Undoubtedly, telling someone who is enslaved by an addiction that you don’t support the choices they’re making which are hurting them and you and other people in their life – that takes bravery. Having those hard conversations can be a terribly uncomfortable and frightening and painful experience because, ultimately, we are afraid of what will happen to those we love if they leave our lives and we are no longer there to be a restraining influence or catch them when they fall. All the more important that we plead with those we love before they fall, and persuade them by all means at our disposal that we sincerely do love them and want what’s best for them. All the more important that we tell them the truth if we do indeed love them.
Also in the Apostle Paul’s first letter to the church in Corinth, he gives us a beautiful summary of what love is and isn’t, and what it does and doesn’t do, and I feel it is essential for us to keep this definition of love in mind in our relationships, especially for those who are hurting or suffering from addiction.
“Love is patient and kind; love does not envy or boast; it is not arrogant or rude. It does not insist on its own way; it is not irritable or resentful; it does not rejoice at wrongdoing, but rejoices with the truth. Love bears all things, believes all things, hopes all things, endures all things.”
Be open to disagreement yourself if you want others to be.
Do you tolerate dissent in your personal life, or do your relationships with family and friends look more like an echo chamber? There’s a danger in only allowing people to tell you what you want to hear.
Before you speak with someone you love about the mistakes you believe they’ve made, ask yourself whether you’re prepared to be spoken to in a similar manner. Commit to and strive towards genuine humility, recognizing your own imperfections and mistakes, your own weaknesses.
Consider how much easier it will be for others to hear what you have to say when they know you are speaking on their level, not talking down to them or trying to brow-beat them as if you just descended from Heaven as their ultimate judge, jury, and executioner.
I will leave this topic for now with the words of Jesus the Messiah.

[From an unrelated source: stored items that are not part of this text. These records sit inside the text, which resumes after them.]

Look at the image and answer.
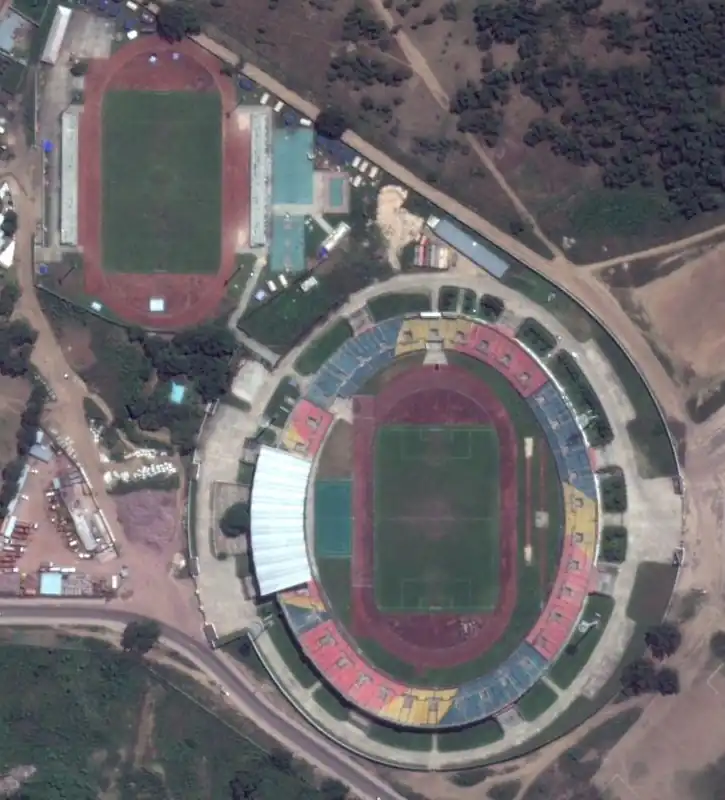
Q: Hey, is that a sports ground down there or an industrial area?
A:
sports ground
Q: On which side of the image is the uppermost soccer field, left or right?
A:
left
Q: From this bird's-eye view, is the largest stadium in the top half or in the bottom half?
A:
bottom
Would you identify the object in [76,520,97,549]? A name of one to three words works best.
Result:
building
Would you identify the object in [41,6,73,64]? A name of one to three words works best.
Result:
building
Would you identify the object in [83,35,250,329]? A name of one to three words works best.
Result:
running track
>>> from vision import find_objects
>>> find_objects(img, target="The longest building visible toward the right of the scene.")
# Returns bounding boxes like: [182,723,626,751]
[431,219,512,278]
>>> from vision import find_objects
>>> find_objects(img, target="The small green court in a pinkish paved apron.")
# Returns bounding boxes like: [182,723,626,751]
[314,171,350,212]
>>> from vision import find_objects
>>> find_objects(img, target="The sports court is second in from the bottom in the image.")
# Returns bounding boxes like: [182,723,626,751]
[271,215,305,271]
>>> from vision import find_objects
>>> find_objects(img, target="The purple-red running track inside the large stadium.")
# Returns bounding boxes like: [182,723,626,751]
[353,366,517,669]
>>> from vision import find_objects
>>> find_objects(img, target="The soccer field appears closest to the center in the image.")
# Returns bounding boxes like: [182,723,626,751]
[373,424,499,612]
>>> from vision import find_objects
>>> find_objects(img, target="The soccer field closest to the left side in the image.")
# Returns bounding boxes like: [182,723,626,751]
[103,91,220,273]
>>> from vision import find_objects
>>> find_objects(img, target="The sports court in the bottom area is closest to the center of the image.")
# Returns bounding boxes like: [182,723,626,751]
[316,480,352,556]
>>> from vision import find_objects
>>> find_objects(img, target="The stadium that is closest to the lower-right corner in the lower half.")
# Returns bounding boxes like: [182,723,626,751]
[250,311,609,730]
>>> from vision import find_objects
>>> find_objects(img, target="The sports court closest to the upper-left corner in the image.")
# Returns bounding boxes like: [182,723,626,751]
[273,127,314,205]
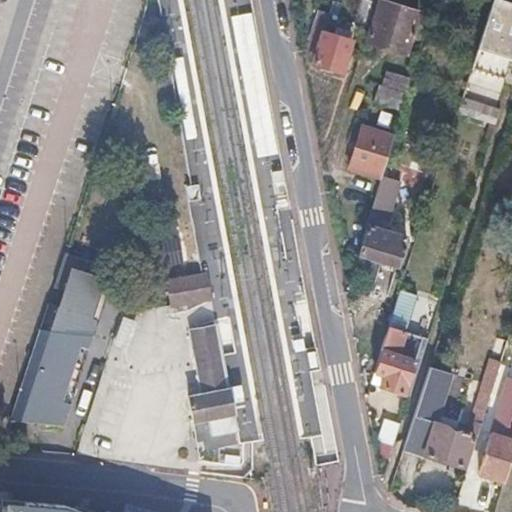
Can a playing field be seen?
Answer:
No
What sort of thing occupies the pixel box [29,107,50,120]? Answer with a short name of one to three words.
vehicle
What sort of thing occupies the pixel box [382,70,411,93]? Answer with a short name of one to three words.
shed
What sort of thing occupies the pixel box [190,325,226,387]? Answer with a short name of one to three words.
building
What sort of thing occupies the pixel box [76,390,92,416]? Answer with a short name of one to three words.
vehicle
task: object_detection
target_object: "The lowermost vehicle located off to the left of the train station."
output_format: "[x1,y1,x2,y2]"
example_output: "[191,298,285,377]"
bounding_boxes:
[93,436,114,450]
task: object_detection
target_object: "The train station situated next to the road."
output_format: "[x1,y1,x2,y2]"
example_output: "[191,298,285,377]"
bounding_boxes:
[161,0,321,443]
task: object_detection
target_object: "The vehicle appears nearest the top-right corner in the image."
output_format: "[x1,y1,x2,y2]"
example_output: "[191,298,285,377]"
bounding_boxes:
[350,88,364,111]
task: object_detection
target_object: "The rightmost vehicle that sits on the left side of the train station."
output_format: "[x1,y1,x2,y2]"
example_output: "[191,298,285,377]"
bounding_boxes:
[147,148,160,176]
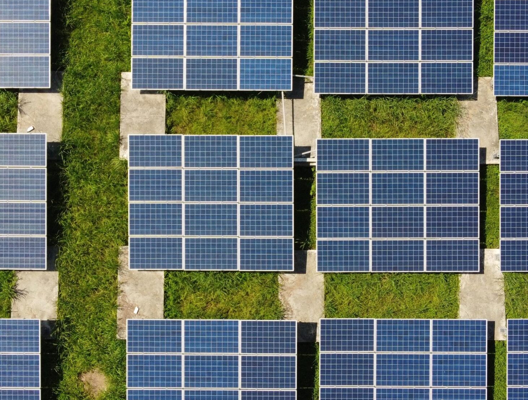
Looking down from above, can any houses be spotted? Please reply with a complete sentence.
No, there is no house in the image.
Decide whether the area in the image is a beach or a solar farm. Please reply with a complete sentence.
This image shows a solar farm.
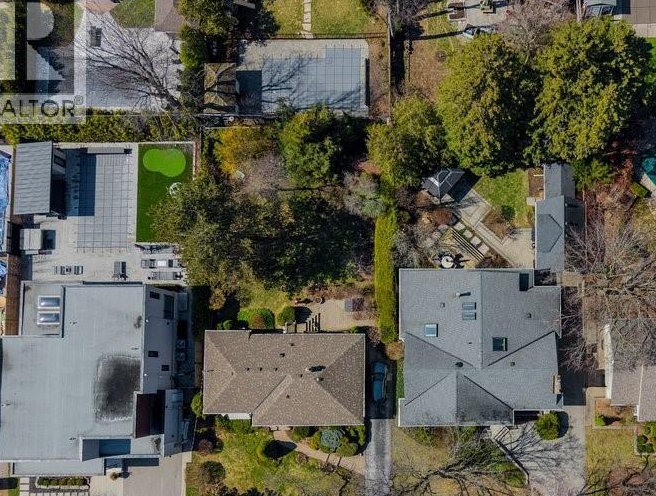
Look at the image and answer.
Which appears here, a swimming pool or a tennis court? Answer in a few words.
swimming pool
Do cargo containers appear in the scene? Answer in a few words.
No
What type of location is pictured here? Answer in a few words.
residential area
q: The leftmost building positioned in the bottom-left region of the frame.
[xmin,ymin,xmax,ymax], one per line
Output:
[0,284,192,477]
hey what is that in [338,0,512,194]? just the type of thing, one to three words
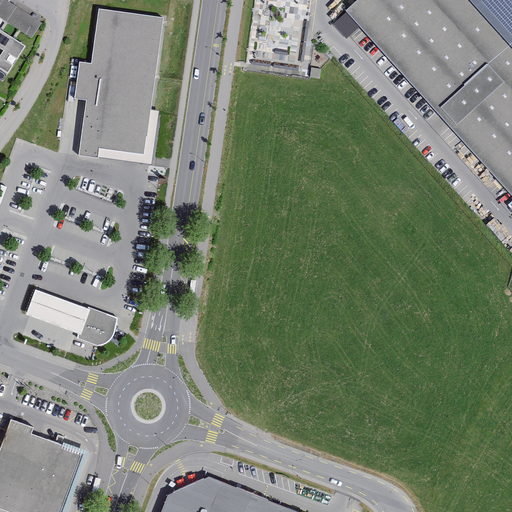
building
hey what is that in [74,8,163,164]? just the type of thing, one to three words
building
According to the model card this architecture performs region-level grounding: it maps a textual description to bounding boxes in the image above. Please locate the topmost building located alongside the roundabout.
[24,290,117,346]
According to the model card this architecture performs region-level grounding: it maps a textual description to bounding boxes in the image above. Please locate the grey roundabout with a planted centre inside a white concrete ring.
[106,364,190,448]
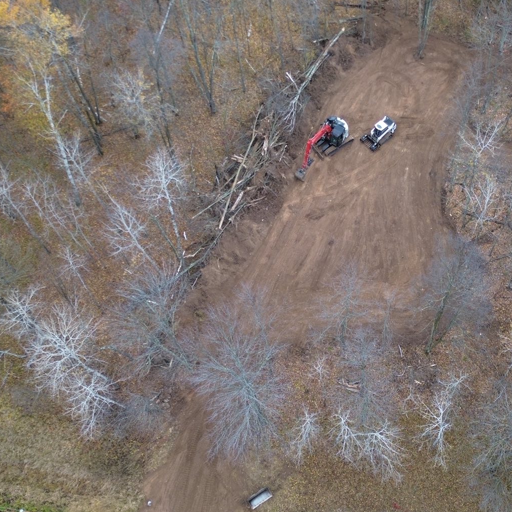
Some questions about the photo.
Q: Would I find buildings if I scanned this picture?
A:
No
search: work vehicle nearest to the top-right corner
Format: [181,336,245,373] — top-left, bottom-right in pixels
[360,117,397,153]
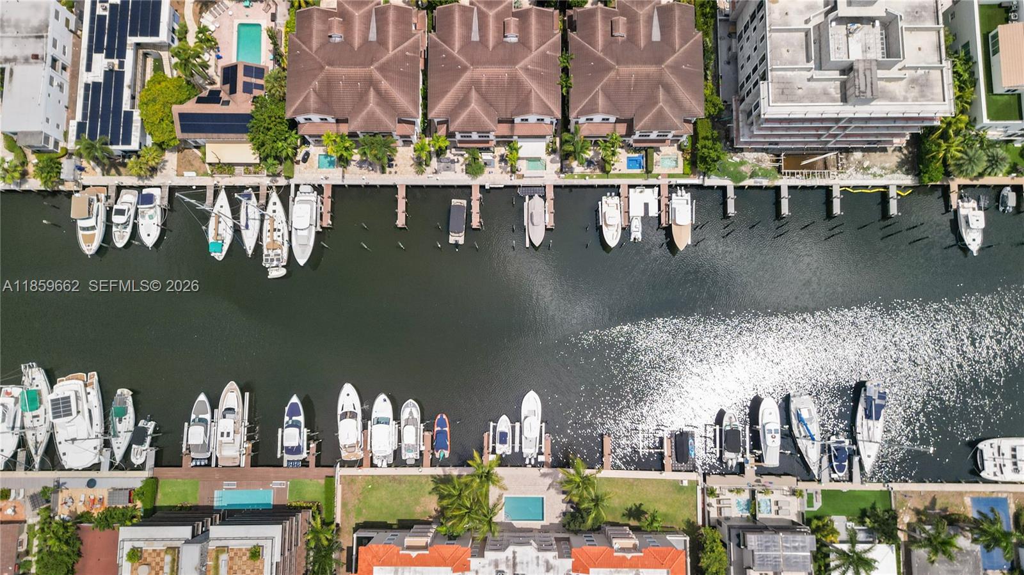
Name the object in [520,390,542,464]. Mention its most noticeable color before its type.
white boat
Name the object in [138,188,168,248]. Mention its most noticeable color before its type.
white boat
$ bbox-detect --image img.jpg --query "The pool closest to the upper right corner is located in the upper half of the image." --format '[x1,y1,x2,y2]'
[659,153,679,169]
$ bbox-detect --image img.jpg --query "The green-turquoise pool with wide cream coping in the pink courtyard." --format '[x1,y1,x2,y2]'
[233,19,265,65]
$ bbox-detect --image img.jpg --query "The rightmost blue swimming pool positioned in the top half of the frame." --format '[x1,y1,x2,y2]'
[625,153,645,170]
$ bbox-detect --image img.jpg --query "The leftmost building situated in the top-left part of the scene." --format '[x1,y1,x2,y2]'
[0,0,79,157]
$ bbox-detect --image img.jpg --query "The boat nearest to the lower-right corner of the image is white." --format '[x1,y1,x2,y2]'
[968,437,1024,482]
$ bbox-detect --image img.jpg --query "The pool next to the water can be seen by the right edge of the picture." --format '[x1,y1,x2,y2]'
[966,492,1015,575]
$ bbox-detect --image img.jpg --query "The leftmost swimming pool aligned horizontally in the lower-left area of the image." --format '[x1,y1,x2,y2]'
[213,489,274,510]
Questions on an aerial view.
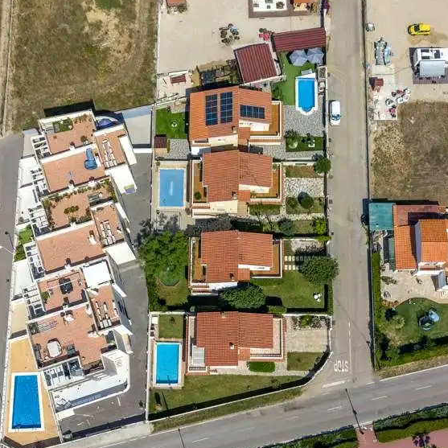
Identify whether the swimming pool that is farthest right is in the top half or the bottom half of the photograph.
top
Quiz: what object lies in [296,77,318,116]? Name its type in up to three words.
swimming pool
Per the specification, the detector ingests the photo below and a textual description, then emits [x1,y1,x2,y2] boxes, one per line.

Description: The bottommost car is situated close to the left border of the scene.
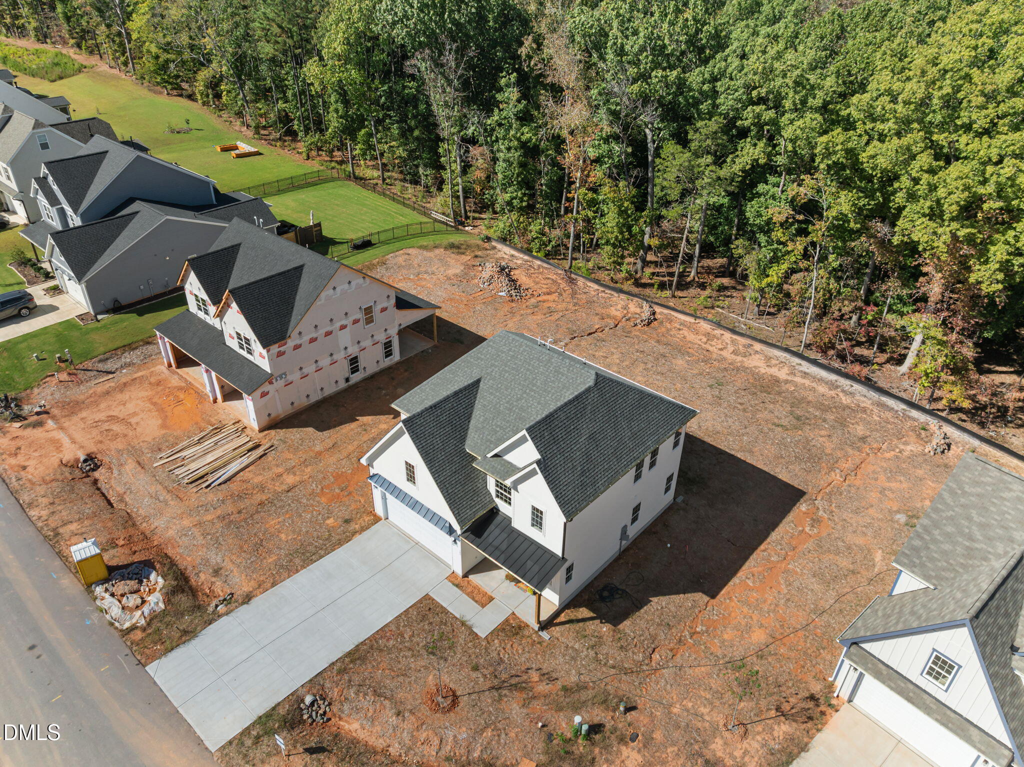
[0,289,37,320]
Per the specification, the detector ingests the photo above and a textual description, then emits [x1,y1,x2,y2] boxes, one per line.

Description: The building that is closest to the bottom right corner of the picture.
[827,451,1024,767]
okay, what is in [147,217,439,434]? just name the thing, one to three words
house
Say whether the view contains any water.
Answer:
No
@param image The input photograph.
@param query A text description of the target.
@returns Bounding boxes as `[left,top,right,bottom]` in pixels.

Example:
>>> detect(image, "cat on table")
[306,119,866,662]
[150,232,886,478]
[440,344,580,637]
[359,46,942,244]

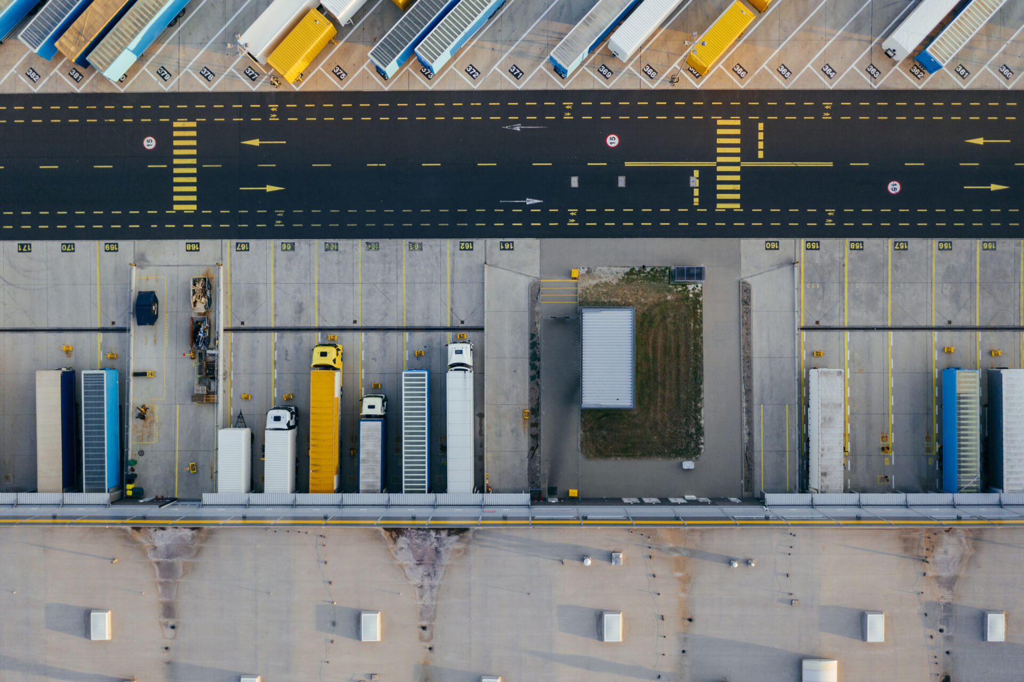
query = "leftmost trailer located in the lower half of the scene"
[36,367,81,494]
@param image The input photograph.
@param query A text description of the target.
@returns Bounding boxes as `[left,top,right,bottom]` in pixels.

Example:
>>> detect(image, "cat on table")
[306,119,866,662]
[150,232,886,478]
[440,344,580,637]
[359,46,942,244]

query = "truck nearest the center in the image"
[445,341,475,371]
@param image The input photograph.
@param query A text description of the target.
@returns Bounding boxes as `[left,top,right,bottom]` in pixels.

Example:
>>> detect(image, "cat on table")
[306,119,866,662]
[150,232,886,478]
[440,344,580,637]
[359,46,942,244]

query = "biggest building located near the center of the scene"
[579,307,635,409]
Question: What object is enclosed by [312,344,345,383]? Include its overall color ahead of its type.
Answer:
yellow truck
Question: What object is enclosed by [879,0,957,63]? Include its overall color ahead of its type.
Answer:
white trailer
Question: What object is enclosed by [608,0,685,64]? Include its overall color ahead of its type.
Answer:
white trailer
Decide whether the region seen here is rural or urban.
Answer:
urban

“Can a blind man lead a blind man? Will they not both fall into a pit? A disciple is not above his teacher, but everyone when he is fully trained will be like his teacher. Why do you see the speck that is in your brother’s eye, but do not notice the log that is in your own eye? How can you say to your brother, ‘Brother, let me take out the speck that is in your eye,’ when you yourself do not see the log that is in your own eye? You hypocrite, first take the log out of your own eye, and then you will see clearly to take out the speck that is in your brother’s eye.”